Stored dataset items
------------------------------

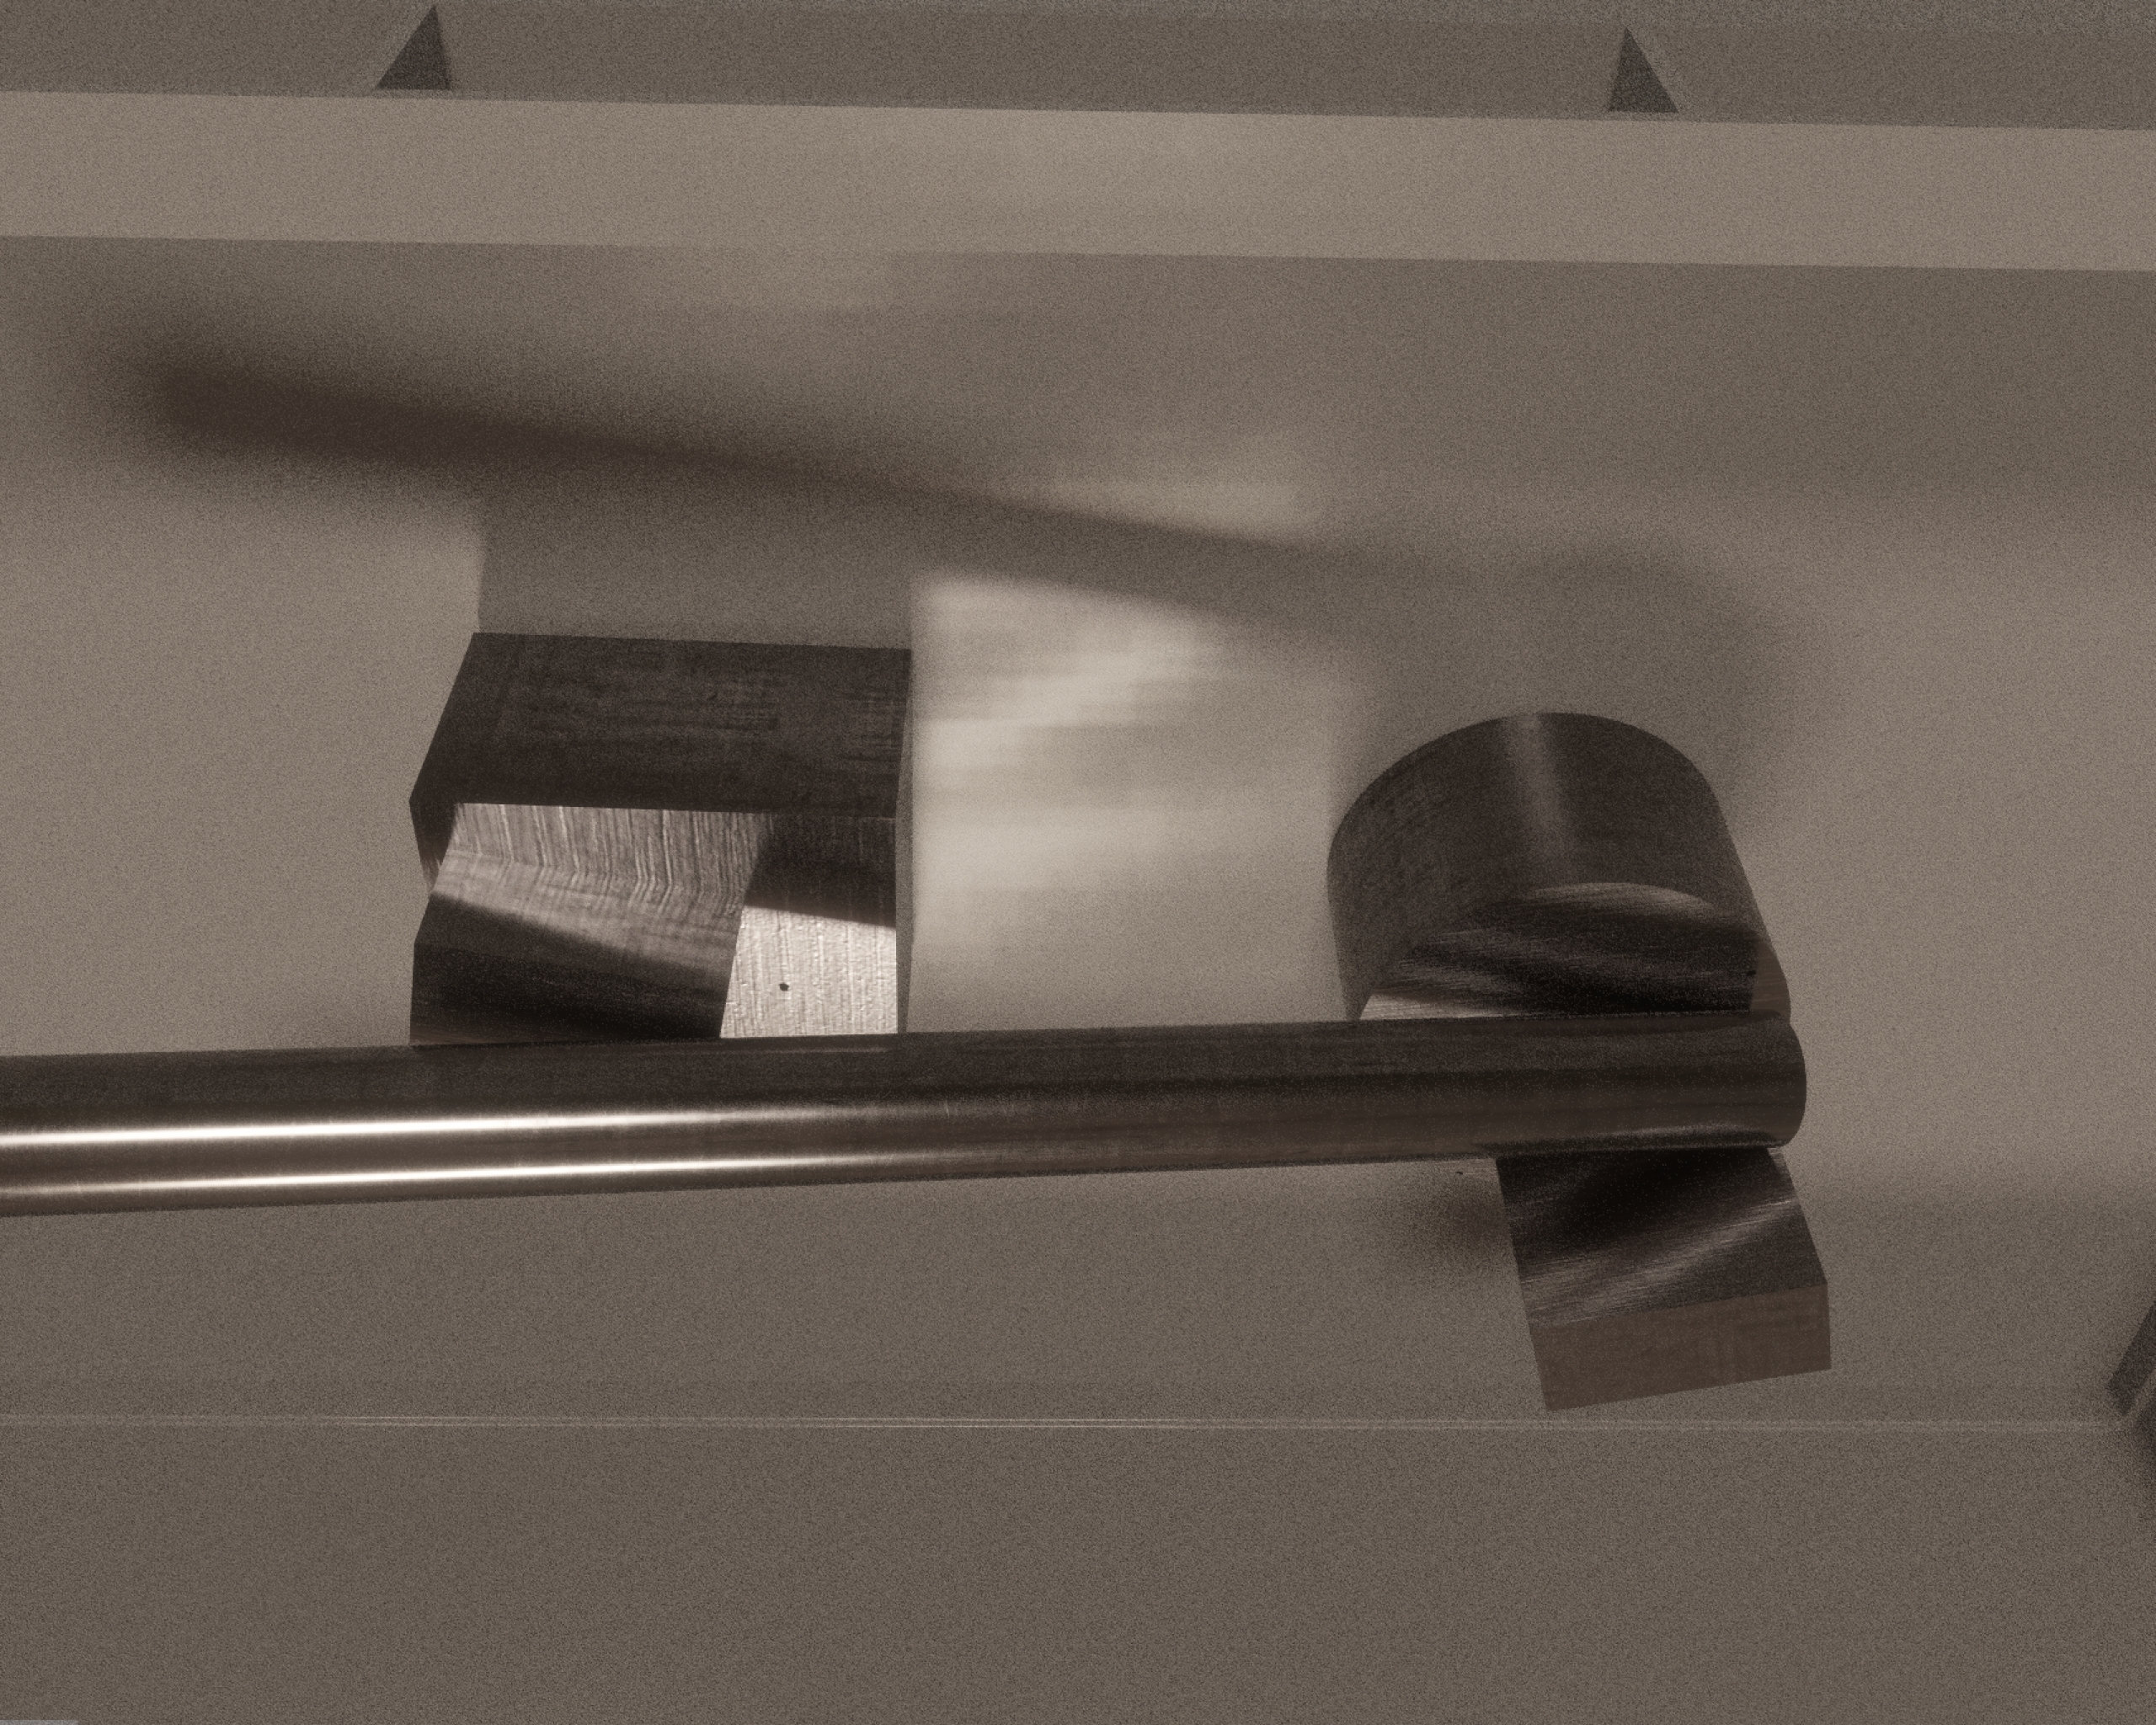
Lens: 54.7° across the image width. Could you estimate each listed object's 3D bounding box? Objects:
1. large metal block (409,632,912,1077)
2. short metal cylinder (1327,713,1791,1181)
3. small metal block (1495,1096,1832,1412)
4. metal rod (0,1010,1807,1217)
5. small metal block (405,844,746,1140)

------------------------------

How many lines in the data contain "block"? Answer with the number alone.

3